Methods. To function and learn, AI systems require a huge amount of data. This collection often involves personal information, such as preferences, behaviors and biometrics data, as well as public data. People’s privacy can be violated if data is used in an unauthorized way or if it is shared without the consent of the individuals involved. The use of AI-based algorithms can lead to the creation of detailed profiling of individuals. These profiling can be used to make decisions regarding accessibility to services. This can lead to discrimination based on unethical criteria, such as race, ethnic origin or political beliefs and health status. The pervasive use of AI can put essential elements of privacy at risk. The dissemination of sensitive information can compromise the privacy of individuals, making it easier to identify and expose private behaviors.
Results. GDPR and the forthcoming AI act represent the first examples of legislation at European level to regulate privacy protection in AI systems. European governments are adopting regulations that set limits on the use of personal data, protect individuals from algorithmic discrimination and ensure transparency in the use of AI systems Organizations should be held accountable for privacy failures and those involved should have the right to access, correct or delete their data.
Conclusions. Artificial intelligence has considerable potential, but requires caution in the management of personal data to protect the privacy of individuals. The collection and use of data should be balanced with respect for fundamental rights and freedoms. Privacy protection must be prioritized in the design and implementation of AI systems to ensure ethical and responsible use of this innovative technology.
INTRODUCTION
Artificial intelligence (AI) is an increasingly present technology in our daily lives, and it has inevitable privacy implications, especially when considering psychiatric pathologies. All AI systems, before going into operation, adapt and build themselves through a learning phase carried out by processes of collecting and analyzing a large amount of data, both personal and sensitive, in order to build an algorithm capable of providing results and suggestions relevant to the context of use.
The prospect, more or less in the short term, will be to be confronted with expert systems capable of significantly modifying the diagnostic and therapeutic paths in psychiatry, the decision-making modalities of the physician and, ultimately, also the physician-patient relationship. This raises several issues related to ethics, privacy and the responsibilities of the health professional towards the psychiatric patient.
Firstly, the collection and processing of large amounts of personal and sensitive data related to psychiatric vulnerability, such as familiarity, hospitalization or compulsory medical treatment can put people’s privacy at risk. For instance, if personal information becomes accessible or falls into the wrong hands, it could be used for fraudulent or malicious purposes, or to exclude certain individuals from benefiting from certain services or to obtain them on more disadvantageous terms, e.g. profiling of patients for health insurance policies.
Secondly, AI can be used to monitor and profile individuals without their explicit consent. For instance, AI systems used for video surveillance can collect and analyze the facial characteristics of passers-by without their knowledge. This raises concerns about how the data is used and whether privacy rules are respected.
Furthermore, AI can lead to automated decisions that could have a significant impact on people’s lives, and on the care services they receive. Patients may have difficulty understanding the reasons behind such decisions and may not be able to challenge or change them. This raises concerns about the transparency and fairness of AI-based decisions.
Furthermore, it is important to develop data anonymization and pseudonymization techniques to minimize the identifiability of individuals during data processing by AI systems. At the same time, organizations, including healthcare organizations, need to ensure transparency and inform people about how their data is used, giving them the opportunity to have control over the personal information they share.
Ultimately, AI offers great opportunities, but it is crucial to balance innovation with the need to protect people’s privacy.
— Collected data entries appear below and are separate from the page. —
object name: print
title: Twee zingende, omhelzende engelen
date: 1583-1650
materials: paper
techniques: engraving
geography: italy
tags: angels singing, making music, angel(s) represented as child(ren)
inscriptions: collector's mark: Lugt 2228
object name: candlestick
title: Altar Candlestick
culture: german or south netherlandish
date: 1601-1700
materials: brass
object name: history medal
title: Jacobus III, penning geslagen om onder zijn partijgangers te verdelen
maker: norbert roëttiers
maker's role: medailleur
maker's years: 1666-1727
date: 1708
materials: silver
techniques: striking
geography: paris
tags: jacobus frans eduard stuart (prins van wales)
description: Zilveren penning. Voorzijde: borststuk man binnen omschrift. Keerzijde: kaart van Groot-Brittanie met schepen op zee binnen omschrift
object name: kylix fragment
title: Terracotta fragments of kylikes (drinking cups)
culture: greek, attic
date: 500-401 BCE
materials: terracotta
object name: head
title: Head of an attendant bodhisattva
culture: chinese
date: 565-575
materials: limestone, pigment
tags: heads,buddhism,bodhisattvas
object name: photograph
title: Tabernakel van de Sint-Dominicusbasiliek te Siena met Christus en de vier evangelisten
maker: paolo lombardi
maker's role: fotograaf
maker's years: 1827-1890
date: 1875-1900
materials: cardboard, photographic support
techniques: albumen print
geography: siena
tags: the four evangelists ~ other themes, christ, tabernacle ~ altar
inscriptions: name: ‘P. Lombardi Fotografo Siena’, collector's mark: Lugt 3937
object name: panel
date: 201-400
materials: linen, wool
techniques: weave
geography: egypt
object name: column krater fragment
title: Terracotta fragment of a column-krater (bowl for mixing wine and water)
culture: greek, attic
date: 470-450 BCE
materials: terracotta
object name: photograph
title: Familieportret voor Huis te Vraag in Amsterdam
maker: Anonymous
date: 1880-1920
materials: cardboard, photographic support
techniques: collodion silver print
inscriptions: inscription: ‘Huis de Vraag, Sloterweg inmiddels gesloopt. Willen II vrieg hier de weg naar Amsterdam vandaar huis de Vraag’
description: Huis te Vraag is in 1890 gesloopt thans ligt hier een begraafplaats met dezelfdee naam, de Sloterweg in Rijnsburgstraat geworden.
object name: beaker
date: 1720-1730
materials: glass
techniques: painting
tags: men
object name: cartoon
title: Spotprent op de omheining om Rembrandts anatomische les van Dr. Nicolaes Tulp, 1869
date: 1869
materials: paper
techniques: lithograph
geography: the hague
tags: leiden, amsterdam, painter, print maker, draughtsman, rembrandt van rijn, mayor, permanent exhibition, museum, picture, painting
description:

Only through constant vigilance, appropriate regulations and increased user awareness can we ensure that AI and privacy can coexist safely and effectively.
The European Union 1 already has the GDPR, General Data Protection Regulation, which is a European regulation that came into force in May 2018, designed to protect and ensure the privacy of European citizens in all areas, including the digital sphere, by providing a number of basic rights for individuals regarding their privacy and protection of personal data. These rights include the right to be informed about how one’s data is collected and used, the right to access one’s personal data and request its modification or deletion, the right to data portability, and the right to withdraw consent to data processing.
In addition, the GDPR imposes a number of obligations on organizations that process personal data, including the need to collect only the data necessary for a specific purpose, inform individuals about their rights and how their data is processed, ensure data security and notify personal data breaches to the relevant authorities within 72 hours.
The extreme speed of dissemination of artificial intelligence, machine learning, automated decision-making tools together with the extreme speed of implementation and development of new technologies, new processes and tools, may generate the risk of being confronted with technologies not foreseen or foreseeable by existing regulation 2.
To address these concerns, it has long been clear to national and European legislators that it was necessary to establish regulations and policies that protect the privacy of collected data and its use through AI, either on the basis of existing data protection laws, such as the GDPR in Europe, which already provide a framework to guarantee privacy and ensure that data is used responsibly, or through the enactment of a more general and cross-sectoral regulation that can protect the design, implementation and use of AI systems.
On 21 April 2021, the European Commission 3 drafted the Proposal for a Regulation of the European Parliament and of the Council laying down harmonized rules on Artificial Intelligence (AI Act), which the Council and the European Parliament approved, after more than two years of negotiations and at the end of a final 3-day negotiation, on 9 December 2023, thus issuing a Provisional Agreement of European Regulation on Artificial Intelligence, the so-called AI Act.
Under the European Regulation, software developed with one or more of the techniques and approaches specified in Annex I (which the Commission may amend over time by means of delegated acts) falls within the definition of an “AI system”. Currently, these techniques include: machine-learning approaches; logic- and knowledge-based approaches; and statistical approaches, capable of generating, for a given set of human-defined objectives, outputs such as content, predictions, recommendations or decisions that influence the environments with which they interact.
The European AI Regulation is a legislative initiative that has the potential to promote the development and adoption by both public and private actors of secure and reliable AI across the EU single market. The main idea is to regulate AI on the basis of its ability to cause harm to society by following a ‘risk-based’ approach: the greater the risk, the stricter the rules. As the first legislative proposal of its kind in the world, it can set a global standard for regulating AI in other jurisdictions, as the General Data Protection Regulation has done, thereby promoting the European approach to regulating technology on the world stage.
In addition to public safety, the environment and democracy, great attention has also been paid to the issue of privacy and health protection. Precisely in the latter area, the impact of the large-scale use of artificial intelligence systems and devices could lead to substantial savings in resources and an acceleration towards personalized medicine and digital therapies. Or even more simply to the vast landscape of health apps that are able to increase patients’ adherence to therapies and promote the adoption of healthy lifestyles 4.
SEARCH STRATEGY
In the European Regulation there is also a multilevel system of regulatory requirements depending on the inherent risk associated with the system and/or Artificial Intelligence practices used classified into: Prohibited AI Practices, High Risk AI Systems and Low Risk AI Systems.
In particular, the Regulations classify high-risk systems as all those that have the capacity to affect health. Therefore, any AI system in the medical-health field must necessarily be subject to the standards and controls envisaged for high-risk systems.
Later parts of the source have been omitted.